The other path that could’ve been would’ve been the Rob Zombie path. He had mentioned his interest in doing the character and concept himself, that the franchise was in dire need of a new approach to bring out its potential, yet the producers already had Damian Shannone and Marcus Nispel on tap to do it. Rob Zombie handled “Halloween” as a re-imagining and provided viewers with a captivating, disturbing, and highly psychological yet violently visceral dark art film. Zombie could’ve made art out of Friday had he been the one to write and direct this remake rather than Shannon and Nispel (who directed the remake of “Texas Chainsaw Massacre”) with the association of Michael Bay. The original had such capability of subtest. Ebert called it “Psycho in reverse,” with “mother killing for son.” Add that to Jason himself, a physically deformed and mentally handicapped never-ending child who simply can’t die and continually kills because his dead mother orders him to– there is so much room in that preposterous concept for a disturbing yet artful psychological thriller that Zombie’s infinitely better potential version practically writes itself if you’ve seen his “Halloween.”
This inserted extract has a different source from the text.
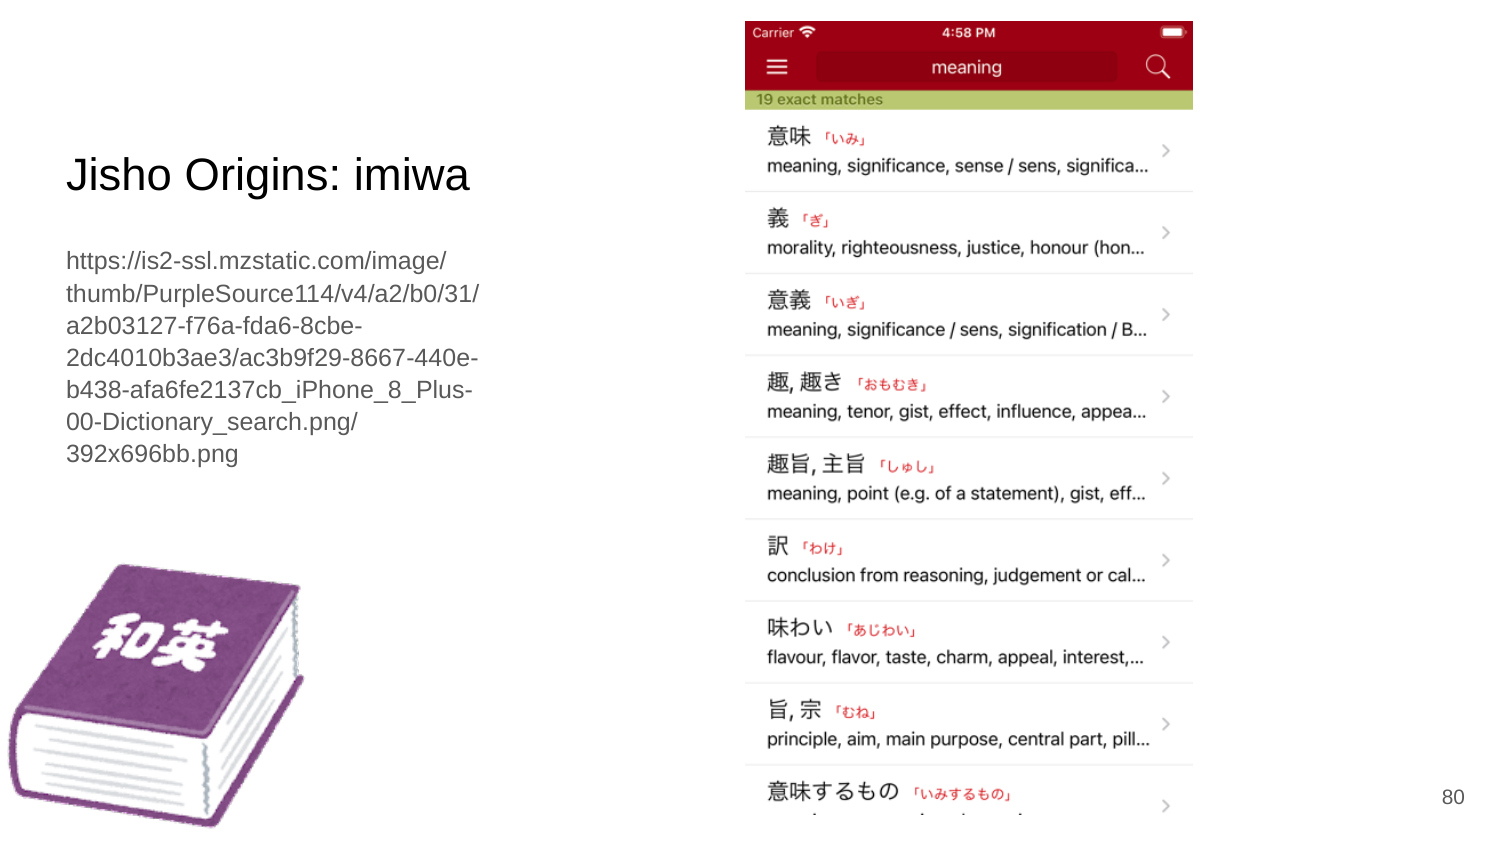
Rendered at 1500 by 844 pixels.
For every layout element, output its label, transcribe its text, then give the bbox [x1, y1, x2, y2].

I do find it interesting that the original, and undeniably classic slasher film that was “Halloween” was responsible for inspiring such a thing as the original “Friday the 13th,” and critics who loved the artful and subdued “Halloween” hated “Friday the 13th.” Now, 2 decades later we see a successful remake of Halloween that doesn’t equal the greatness of the first yet succeeds by a totally different approach possibly inspiring a remake of “Friday the 13th” which vastly improves on its original yet doesn’t beat either version of “Halloween.”
To see what a typical mainstream critic is saying of this film, here’s the first part of Roger Ebert’s review:

“ ‘Friday the 13th’ is about the best ‘Friday the 13th’ movie you could hope for. Its technical credits are excellent. It has a lot of scary and gruesome killings. Not a whole lot of acting is required. If that’s what you want to find out, you can stop reading.”

Last of all, I was at a weekday 1 pm showing and noticed at least 2 children under the age of 12 accompanying their parents to see this movie. It contains pervasive gore, language, drug use, binge drinking, sex and  nudity . What parent in their right mind would take their ‘tween to see such a thing?